■ **Task details**: Set down exactly, from the records below, the line with "Would you do the same task again for each coconut" through the line with "You are a specialist", and nothing else.

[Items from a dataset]
------------------------

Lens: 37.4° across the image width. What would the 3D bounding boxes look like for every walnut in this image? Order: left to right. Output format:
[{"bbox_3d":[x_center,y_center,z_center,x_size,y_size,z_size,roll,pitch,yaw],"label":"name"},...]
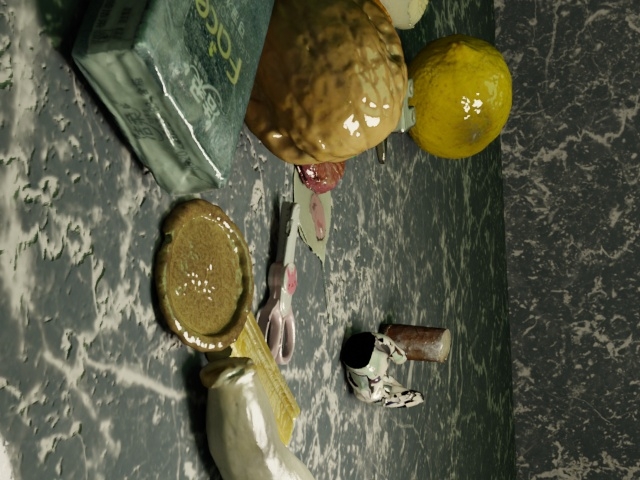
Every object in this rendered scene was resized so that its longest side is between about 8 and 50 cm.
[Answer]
[{"bbox_3d":[-0.005,-0.230,1.292,0.224,0.257,0.257,-175,-97,-85],"label":"walnut"}]

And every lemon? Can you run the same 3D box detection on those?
[{"bbox_3d":[0.303,-0.314,2.114,0.310,0.253,0.253,92,12,-44],"label":"lemon"}]

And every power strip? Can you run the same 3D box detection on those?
[{"bbox_3d":[0.130,-0.293,1.808,0.251,0.092,0.257,-56,142,-70],"label":"power strip"}]

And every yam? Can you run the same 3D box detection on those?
[{"bbox_3d":[0.187,0.208,1.913,0.079,0.141,0.079,2,90,-67],"label":"yam"}]

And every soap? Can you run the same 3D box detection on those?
[{"bbox_3d":[-0.087,0.198,1.294,0.252,0.037,0.092,70,28,-42],"label":"soap"}]

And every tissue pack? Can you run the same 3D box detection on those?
[{"bbox_3d":[-0.149,-0.242,1.052,0.228,0.103,0.315,60,33,-50],"label":"tissue pack"}]

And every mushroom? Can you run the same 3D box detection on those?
[{"bbox_3d":[-0.076,0.291,1.229,0.109,0.097,0.351,-38,128,-24],"label":"mushroom"}]

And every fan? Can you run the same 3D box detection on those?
[{"bbox_3d":[0.001,0.000,1.589,0.182,0.010,0.310,-47,131,-63],"label":"fan"}]

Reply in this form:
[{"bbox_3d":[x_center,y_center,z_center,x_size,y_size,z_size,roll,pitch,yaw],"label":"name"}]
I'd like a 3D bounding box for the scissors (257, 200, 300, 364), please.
[{"bbox_3d":[-0.056,0.061,1.399,0.118,0.030,0.242,37,57,-67],"label":"scissors"}]

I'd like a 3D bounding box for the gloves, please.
[{"bbox_3d":[0.113,0.251,1.757,0.212,0.111,0.127,61,9,-47],"label":"gloves"}]

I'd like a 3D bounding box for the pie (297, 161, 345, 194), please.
[{"bbox_3d":[0.000,-0.146,1.549,0.153,0.038,0.153,-6,90,-68],"label":"pie"}]

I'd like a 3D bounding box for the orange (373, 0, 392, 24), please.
[{"bbox_3d":[0.038,-0.309,1.496,0.193,0.161,0.193,4,90,-72],"label":"orange"}]

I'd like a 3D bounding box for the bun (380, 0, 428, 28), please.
[{"bbox_3d":[0.154,-0.558,1.860,0.287,0.146,0.287,16,90,-79],"label":"bun"}]

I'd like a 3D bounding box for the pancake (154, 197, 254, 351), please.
[{"bbox_3d":[-0.138,0.042,1.152,0.199,0.021,0.199,25,61,-58],"label":"pancake"}]
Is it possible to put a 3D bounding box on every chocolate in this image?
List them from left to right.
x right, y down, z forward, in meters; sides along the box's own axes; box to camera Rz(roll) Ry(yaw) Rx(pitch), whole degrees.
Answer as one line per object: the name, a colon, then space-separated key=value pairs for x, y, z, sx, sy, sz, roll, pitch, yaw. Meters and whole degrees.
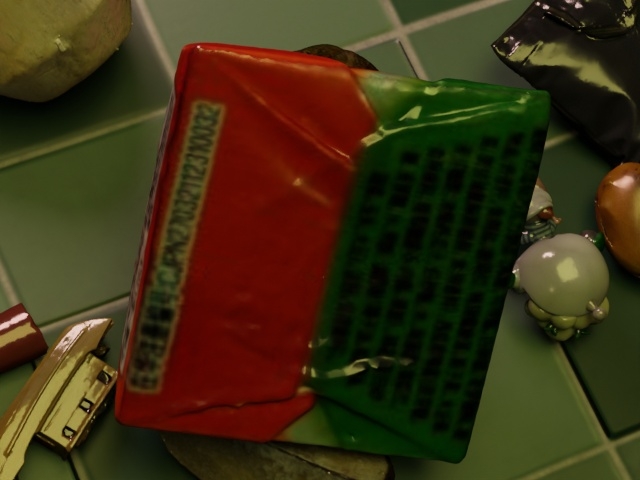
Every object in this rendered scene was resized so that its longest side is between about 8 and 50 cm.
chocolate: x=0.000 y=0.000 z=1.568 sx=0.341 sy=0.161 sz=0.360 roll=8 pitch=104 yaw=-18

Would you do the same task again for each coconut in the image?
coconut: x=-0.310 y=-0.258 z=1.706 sx=0.237 sy=0.237 sz=0.197 roll=9 pitch=35 yaw=-6

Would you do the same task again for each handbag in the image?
handbag: x=0.323 y=-0.222 z=1.867 sx=0.211 sy=0.089 sz=0.254 roll=42 pitch=64 yaw=-3

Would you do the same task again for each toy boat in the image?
toy boat: x=-0.250 y=0.163 z=1.627 sx=0.077 sy=0.057 sz=0.200 roll=34 pitch=66 yaw=-2

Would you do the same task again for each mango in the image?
mango: x=0.326 y=-0.018 z=1.790 sx=0.063 sy=0.077 sz=0.127 roll=-6 pitch=82 yaw=-38

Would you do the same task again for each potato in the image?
potato: x=-0.047 y=0.202 z=1.644 sx=0.261 sy=0.100 sz=0.120 roll=25 pitch=26 yaw=15

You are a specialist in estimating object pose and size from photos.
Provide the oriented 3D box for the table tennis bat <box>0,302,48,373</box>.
table tennis bat: x=-0.451 y=0.170 z=1.593 sx=0.415 sy=0.051 sz=0.268 roll=-27 pitch=76 yaw=-17

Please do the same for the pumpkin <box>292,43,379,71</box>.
pumpkin: x=-0.020 y=-0.081 z=1.719 sx=0.219 sy=0.162 sz=0.219 roll=0 pitch=90 yaw=-24

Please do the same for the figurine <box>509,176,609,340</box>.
figurine: x=0.228 y=0.010 z=1.753 sx=0.147 sy=0.093 sz=0.197 roll=-20 pitch=69 yaw=-25
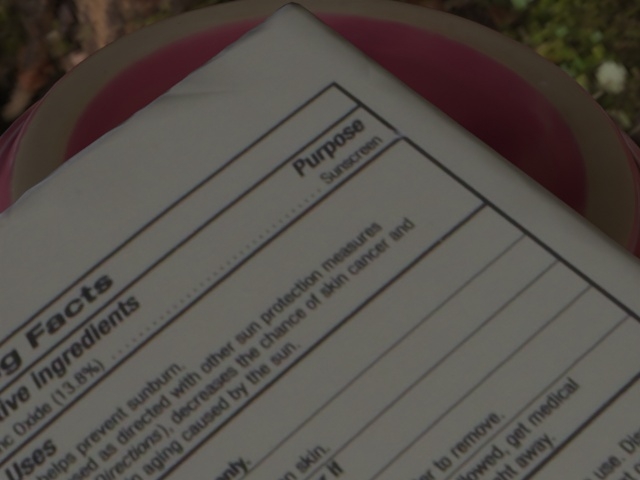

------------------------

■ **Result for this exercise**:
Would you do the same task again for each coconut in the image?
coconut: x=-0.310 y=-0.258 z=1.706 sx=0.237 sy=0.237 sz=0.197 roll=9 pitch=35 yaw=-6

Would you do the same task again for each handbag in the image?
handbag: x=0.323 y=-0.222 z=1.867 sx=0.211 sy=0.089 sz=0.254 roll=42 pitch=64 yaw=-3

Would you do the same task again for each toy boat in the image?
toy boat: x=-0.250 y=0.163 z=1.627 sx=0.077 sy=0.057 sz=0.200 roll=34 pitch=66 yaw=-2

Would you do the same task again for each mango in the image?
mango: x=0.326 y=-0.018 z=1.790 sx=0.063 sy=0.077 sz=0.127 roll=-6 pitch=82 yaw=-38

Would you do the same task again for each potato in the image?
potato: x=-0.047 y=0.202 z=1.644 sx=0.261 sy=0.100 sz=0.120 roll=25 pitch=26 yaw=15

You are a specialist in estimating object pose and size from photos.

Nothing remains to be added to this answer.